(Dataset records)
[Start of Attachment]
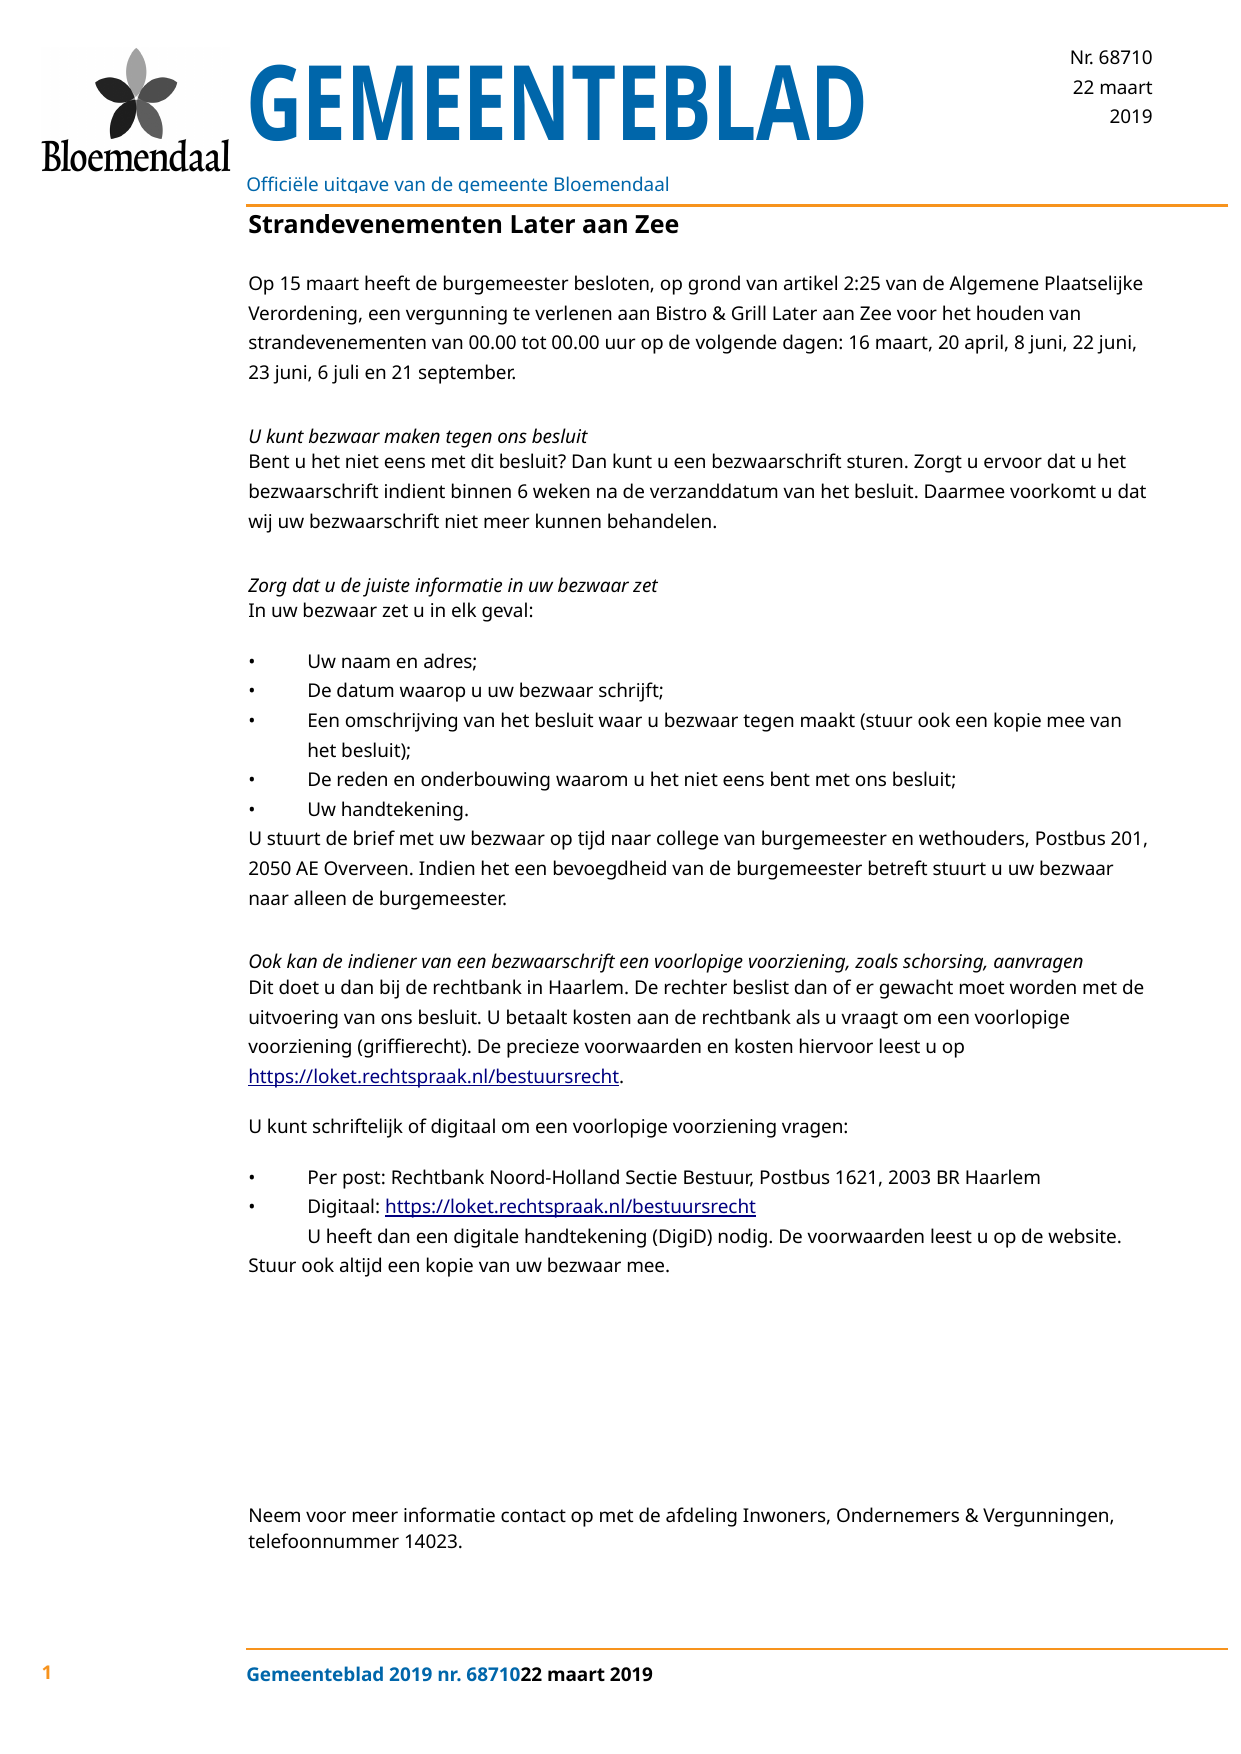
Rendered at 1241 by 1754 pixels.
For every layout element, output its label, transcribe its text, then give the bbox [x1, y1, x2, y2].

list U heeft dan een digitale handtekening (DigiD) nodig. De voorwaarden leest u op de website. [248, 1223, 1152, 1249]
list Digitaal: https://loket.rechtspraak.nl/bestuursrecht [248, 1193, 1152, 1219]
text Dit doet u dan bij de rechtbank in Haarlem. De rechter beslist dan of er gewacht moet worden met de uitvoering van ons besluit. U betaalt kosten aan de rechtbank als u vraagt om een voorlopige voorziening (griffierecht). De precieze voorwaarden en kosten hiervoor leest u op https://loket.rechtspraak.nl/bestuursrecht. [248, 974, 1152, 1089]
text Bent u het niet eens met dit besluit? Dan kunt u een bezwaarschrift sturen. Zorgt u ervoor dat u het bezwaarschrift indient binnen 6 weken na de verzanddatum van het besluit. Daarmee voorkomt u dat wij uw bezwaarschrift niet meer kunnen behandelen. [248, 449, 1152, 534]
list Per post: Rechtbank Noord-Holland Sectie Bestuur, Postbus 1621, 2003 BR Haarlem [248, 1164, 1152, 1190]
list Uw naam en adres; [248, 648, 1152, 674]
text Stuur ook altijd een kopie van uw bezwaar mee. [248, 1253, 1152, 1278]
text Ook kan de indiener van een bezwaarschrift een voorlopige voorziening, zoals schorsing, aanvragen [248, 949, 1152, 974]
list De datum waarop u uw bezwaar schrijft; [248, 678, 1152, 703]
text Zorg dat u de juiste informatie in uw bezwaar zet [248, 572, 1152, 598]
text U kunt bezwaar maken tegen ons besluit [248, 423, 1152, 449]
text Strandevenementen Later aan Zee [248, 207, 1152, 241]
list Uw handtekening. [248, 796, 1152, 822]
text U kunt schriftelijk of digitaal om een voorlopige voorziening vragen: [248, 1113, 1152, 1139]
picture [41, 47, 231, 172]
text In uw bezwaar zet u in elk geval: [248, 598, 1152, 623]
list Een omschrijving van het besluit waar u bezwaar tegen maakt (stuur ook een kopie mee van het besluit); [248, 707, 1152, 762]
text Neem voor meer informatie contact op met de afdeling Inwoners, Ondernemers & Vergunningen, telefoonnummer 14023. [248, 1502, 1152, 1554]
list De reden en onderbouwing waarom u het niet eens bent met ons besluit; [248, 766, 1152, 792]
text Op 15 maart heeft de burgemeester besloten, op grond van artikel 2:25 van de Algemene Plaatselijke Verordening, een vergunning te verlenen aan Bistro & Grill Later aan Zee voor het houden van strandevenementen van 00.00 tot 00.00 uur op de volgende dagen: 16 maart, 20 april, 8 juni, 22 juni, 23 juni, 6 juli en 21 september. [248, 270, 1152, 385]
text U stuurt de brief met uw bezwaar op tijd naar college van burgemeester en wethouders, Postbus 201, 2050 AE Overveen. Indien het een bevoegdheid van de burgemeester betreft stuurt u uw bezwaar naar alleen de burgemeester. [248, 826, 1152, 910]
[End of Attachment]
[Start of Attachment]
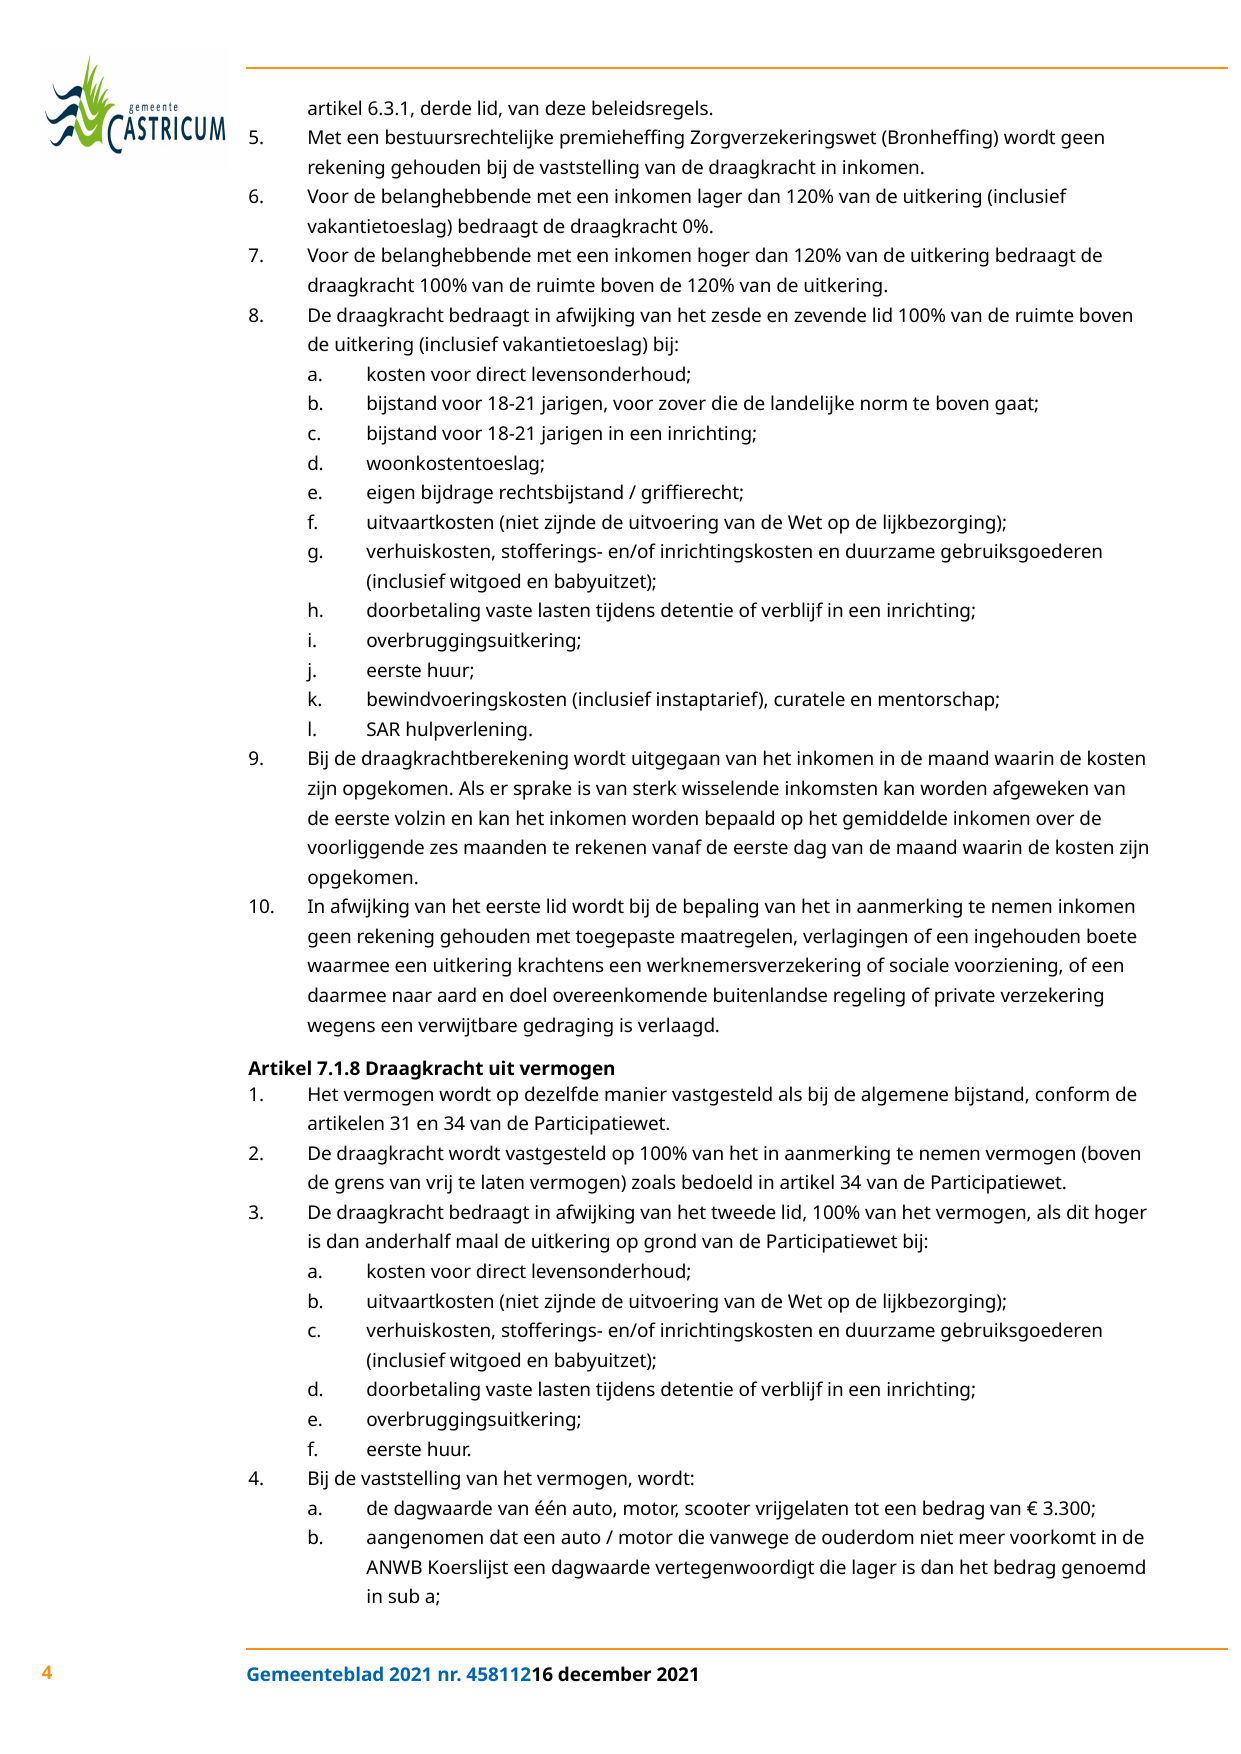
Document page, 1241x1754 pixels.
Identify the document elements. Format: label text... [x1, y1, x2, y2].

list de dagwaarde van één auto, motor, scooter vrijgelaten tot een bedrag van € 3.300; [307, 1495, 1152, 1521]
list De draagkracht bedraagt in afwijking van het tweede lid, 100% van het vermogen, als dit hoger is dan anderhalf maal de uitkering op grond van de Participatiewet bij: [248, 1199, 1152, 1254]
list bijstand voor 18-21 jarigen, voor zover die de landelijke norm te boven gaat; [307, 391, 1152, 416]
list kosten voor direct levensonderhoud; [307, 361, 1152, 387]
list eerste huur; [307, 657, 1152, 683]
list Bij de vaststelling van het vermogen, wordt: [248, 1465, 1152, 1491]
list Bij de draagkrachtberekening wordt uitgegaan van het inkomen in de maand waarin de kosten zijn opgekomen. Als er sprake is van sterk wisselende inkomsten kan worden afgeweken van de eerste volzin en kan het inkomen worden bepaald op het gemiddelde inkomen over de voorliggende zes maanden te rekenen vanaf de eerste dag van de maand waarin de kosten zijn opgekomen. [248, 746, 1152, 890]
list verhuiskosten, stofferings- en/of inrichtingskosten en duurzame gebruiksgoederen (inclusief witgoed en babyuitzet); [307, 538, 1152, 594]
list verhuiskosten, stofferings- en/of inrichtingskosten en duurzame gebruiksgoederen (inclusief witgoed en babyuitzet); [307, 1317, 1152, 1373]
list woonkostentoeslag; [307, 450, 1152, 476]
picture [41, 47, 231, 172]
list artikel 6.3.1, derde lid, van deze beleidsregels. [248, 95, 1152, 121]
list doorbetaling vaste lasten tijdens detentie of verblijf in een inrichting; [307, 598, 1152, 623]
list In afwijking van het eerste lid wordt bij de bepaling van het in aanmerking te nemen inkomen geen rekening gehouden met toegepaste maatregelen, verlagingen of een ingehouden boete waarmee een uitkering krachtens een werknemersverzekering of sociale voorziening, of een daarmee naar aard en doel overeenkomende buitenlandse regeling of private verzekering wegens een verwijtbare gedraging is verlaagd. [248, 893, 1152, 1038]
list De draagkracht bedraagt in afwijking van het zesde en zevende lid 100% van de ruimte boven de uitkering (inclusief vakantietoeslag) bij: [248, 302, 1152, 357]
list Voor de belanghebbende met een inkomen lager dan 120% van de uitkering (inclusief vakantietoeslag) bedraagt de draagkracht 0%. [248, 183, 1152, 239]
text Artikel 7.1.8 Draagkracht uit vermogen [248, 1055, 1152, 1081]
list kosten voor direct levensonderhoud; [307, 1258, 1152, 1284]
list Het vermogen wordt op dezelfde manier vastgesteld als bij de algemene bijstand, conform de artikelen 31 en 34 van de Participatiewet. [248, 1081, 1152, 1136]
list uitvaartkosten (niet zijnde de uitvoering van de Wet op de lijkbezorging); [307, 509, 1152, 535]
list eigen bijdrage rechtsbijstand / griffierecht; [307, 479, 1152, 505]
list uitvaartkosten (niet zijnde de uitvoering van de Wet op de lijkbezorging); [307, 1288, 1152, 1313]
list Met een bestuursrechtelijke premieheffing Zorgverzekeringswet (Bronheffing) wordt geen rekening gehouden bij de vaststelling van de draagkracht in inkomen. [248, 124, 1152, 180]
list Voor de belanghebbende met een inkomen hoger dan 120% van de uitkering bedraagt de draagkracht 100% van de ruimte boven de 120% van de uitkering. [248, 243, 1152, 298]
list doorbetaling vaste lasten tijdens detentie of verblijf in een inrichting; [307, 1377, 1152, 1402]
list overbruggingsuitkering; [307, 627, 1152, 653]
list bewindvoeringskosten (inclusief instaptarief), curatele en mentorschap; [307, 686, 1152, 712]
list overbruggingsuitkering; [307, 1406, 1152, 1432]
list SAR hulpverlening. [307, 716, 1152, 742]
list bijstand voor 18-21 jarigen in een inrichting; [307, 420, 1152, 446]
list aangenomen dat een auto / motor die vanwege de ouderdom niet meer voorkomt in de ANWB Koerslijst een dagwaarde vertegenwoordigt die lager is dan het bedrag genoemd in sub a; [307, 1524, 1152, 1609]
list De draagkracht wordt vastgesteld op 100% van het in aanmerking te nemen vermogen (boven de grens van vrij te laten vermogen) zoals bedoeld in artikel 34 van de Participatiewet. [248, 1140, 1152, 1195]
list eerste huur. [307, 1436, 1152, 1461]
[End of Attachment]
## Task statement
Would you copy, unchanged, the stretch of the records above that begins at the line containing "list bijstand voor 18-21 jarigen, voor" and ends at the line containing "list Bij de draagkrachtberekening", and only that?

## Task solution
list bijstand voor 18-21 jarigen, voor zover die de landelijke norm te boven gaat; [307, 391, 1152, 416]
list kosten voor direct levensonderhoud; [307, 361, 1152, 387]
list eerste huur; [307, 657, 1152, 683]
list Bij de vaststelling van het vermogen, wordt: [248, 1465, 1152, 1491]
list Bij de draagkrachtberekening wordt uitgegaan van het inkomen in de maand waarin de kosten zijn opgekomen. Als er sprake is van sterk wisselende inkomsten kan worden afgeweken van de eerste volzin en kan het inkomen worden bepaald op het gemiddelde inkomen over de voorliggende zes maanden te rekenen vanaf de eerste dag van de maand waarin de kosten zijn opgekomen. [248, 746, 1152, 890]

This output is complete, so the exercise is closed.